Alanna Stephanie Kennedy (born 21 January 1995) is an Australian professional soccer player who plays as a defender for Manchester City in the English FA Women's Super League, as well as the Australia national team. Kennedy is recognized as being a versatile, technical player and is a right-footed free kick specialist. Known on the international level as a centre back, Kennedy also plays in the midfielder position.

Early life
Kennedy was raised in the Sydney suburb of Rosemeadow and attended primary school at Rosemeadow Public and selective sports school Westfields Sports High School. As a youth, she was the only girl on an all-boys team and later played for the Campbelltown Cobras. She trained with the Girls Skills Acquisition Program (GSAP) at MacArthur Rams. Kennedy acknowledged the Rams training ground as her "second home" growing up.

Club career

W-League Beginnings, 2010–15
Kennedy started her W-league career playing for Sydney FC in the 2010–11 season, where she featured in 3 games. The following year, Kennedy switched clubs and joined the Newcastle Jets in the 2011–12 W-League before returning to Sydney FC in the 2012–13 season. For the 2013–14 season, she joined city rivals Western Sydney Wanderers. and in the 2014 season she joined Perth Glory. In 2015, she returned to Sydney FC and would remain there the following 2 seasons.

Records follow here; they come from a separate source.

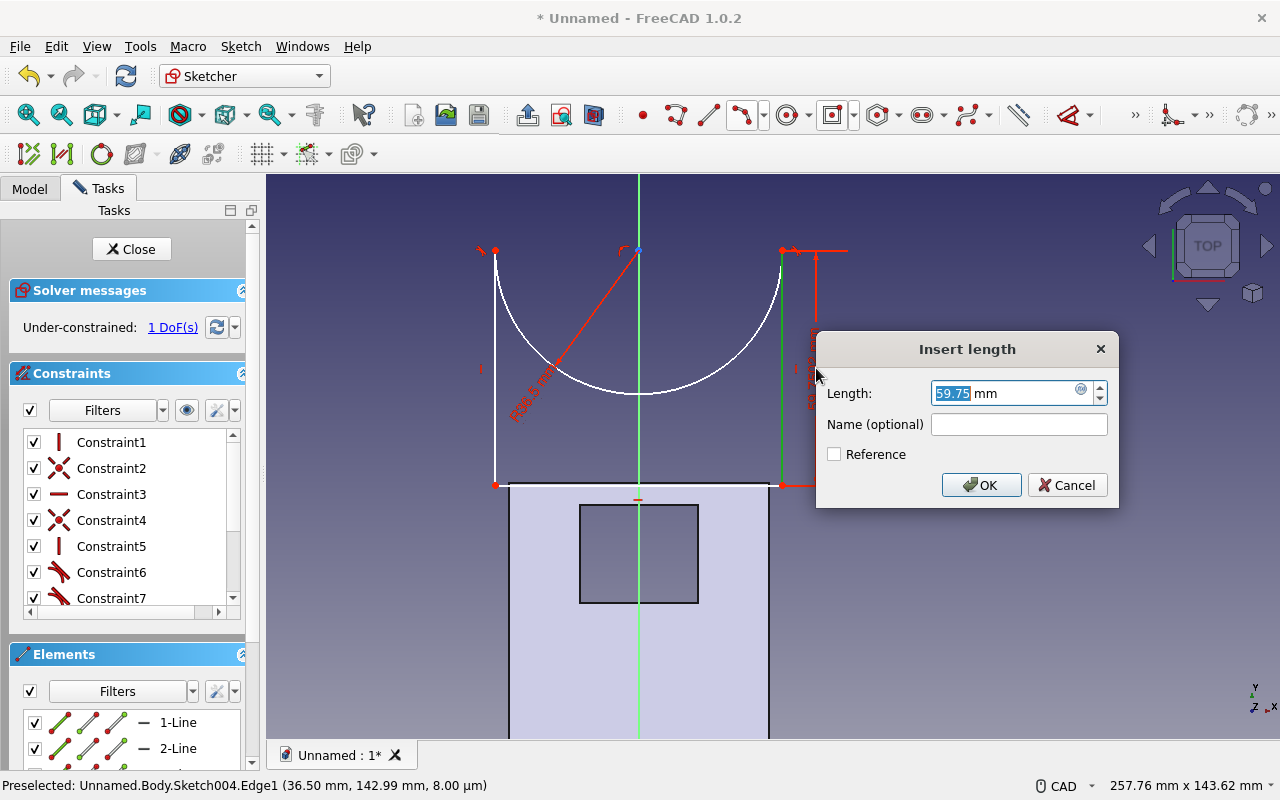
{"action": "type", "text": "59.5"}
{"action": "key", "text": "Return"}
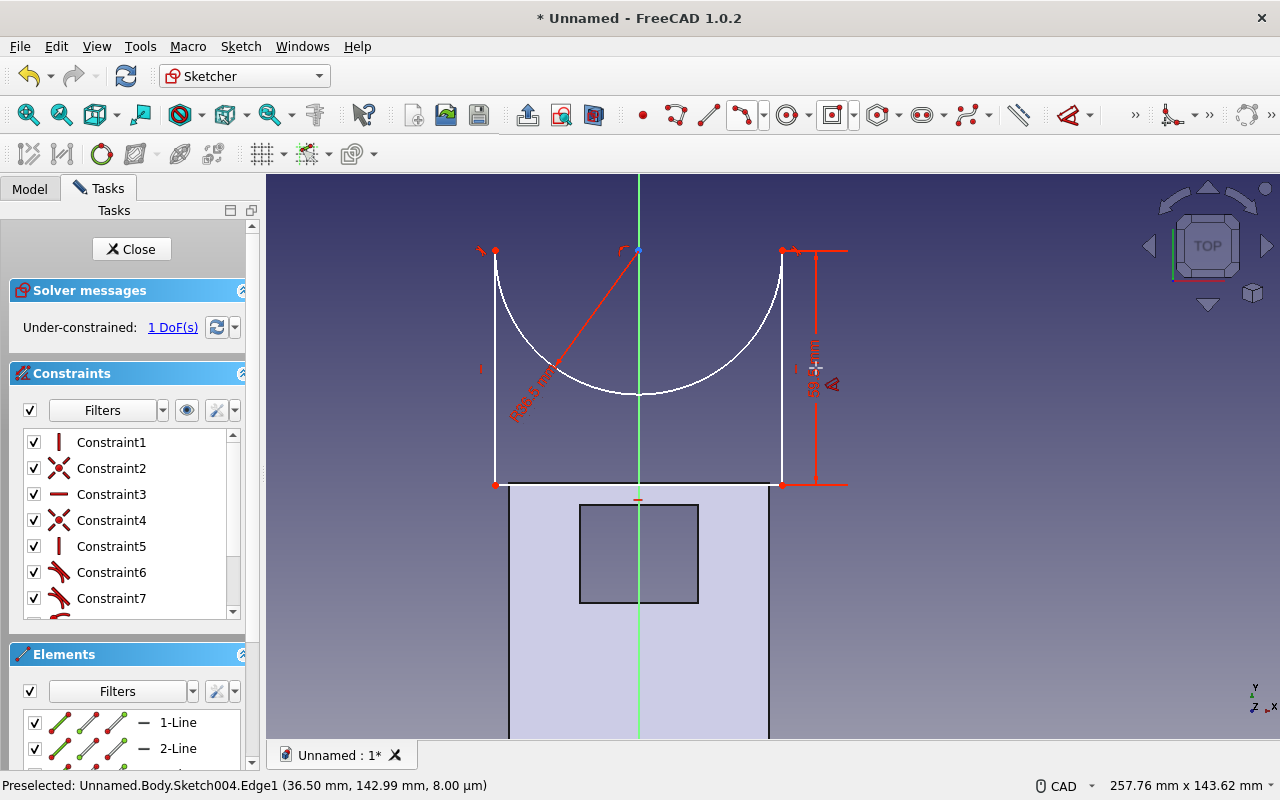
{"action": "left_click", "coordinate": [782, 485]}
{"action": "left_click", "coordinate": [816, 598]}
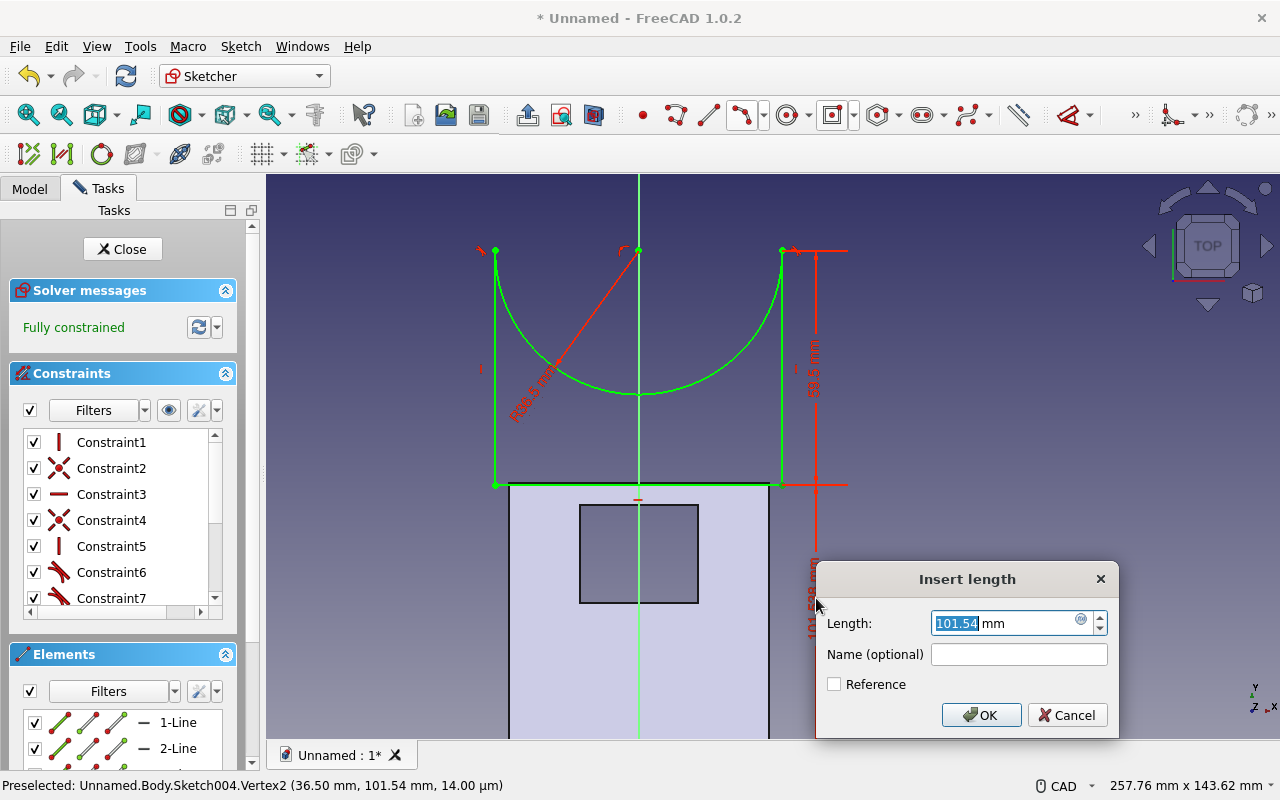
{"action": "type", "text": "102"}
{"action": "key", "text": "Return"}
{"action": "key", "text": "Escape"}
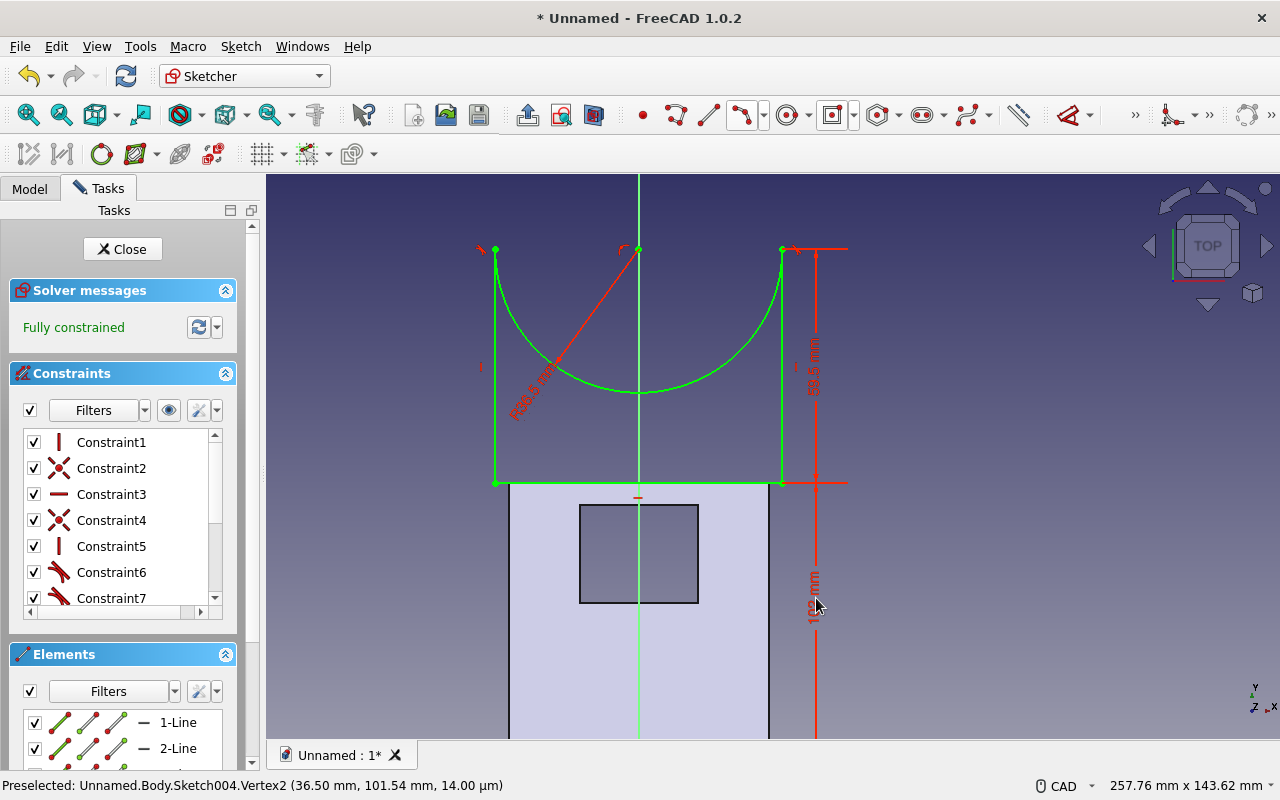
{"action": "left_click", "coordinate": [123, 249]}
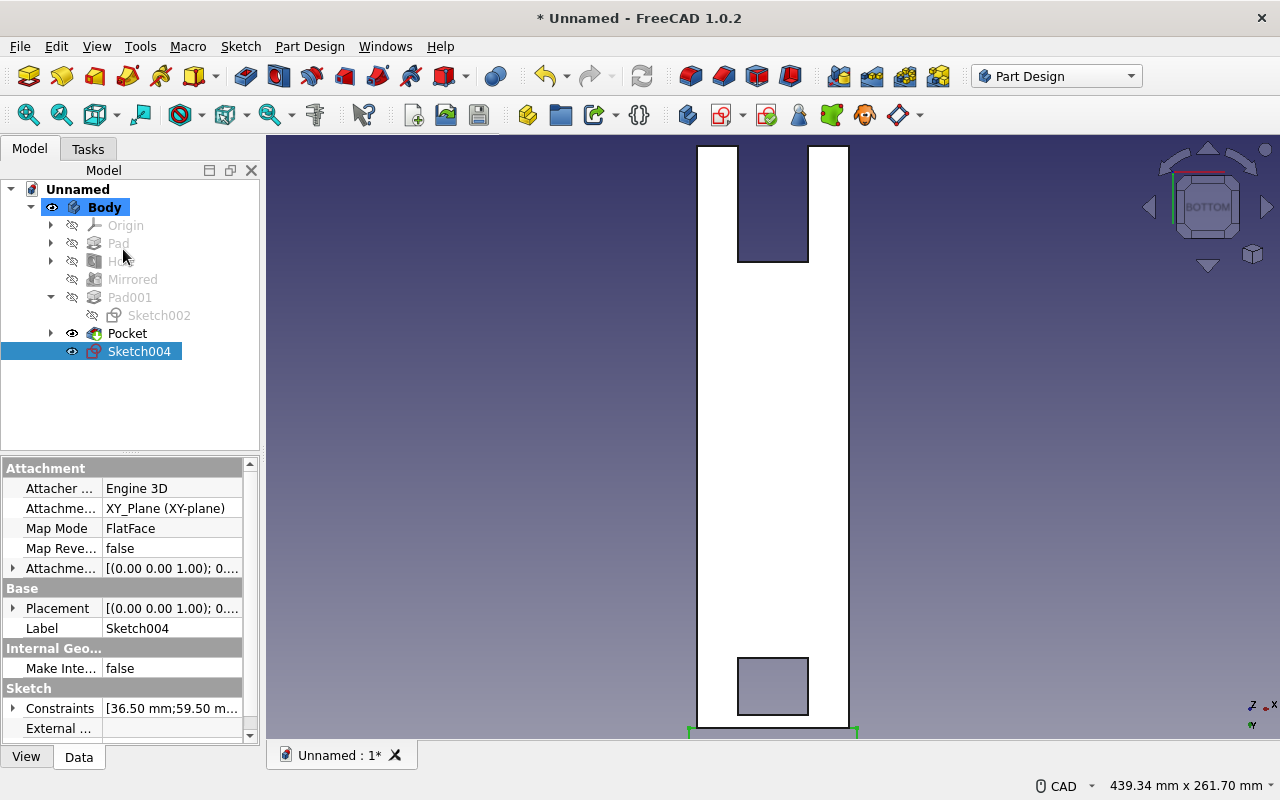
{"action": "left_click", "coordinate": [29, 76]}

Western New York Flash and Orlando Pride, 2016–20
In 2016, Kennedy signed with the Western New York Flash in the National Women's Soccer League. She appeared in 17 games for the Flash in 2016. Kennedy played every minute of Western New York's two playoff games, as the Flash won the 2016 NWSL Championship.

On 19 January 2017, Kennedy was traded to the Orlando Pride in exchange for midfielder Sam Witteman. She appeared in every game for the Pride in 2017. In the final game of the regular season on 30 September, Kennedy scored the game-winning goal on a free kick in stoppage time. This win allowed Orlando to finish the regular season in 3rd place and qualify for the playoffs for the first time in club history. In the semi-final, Kennedy scored again but Orlando lost 4–1 to the Portland Thorns.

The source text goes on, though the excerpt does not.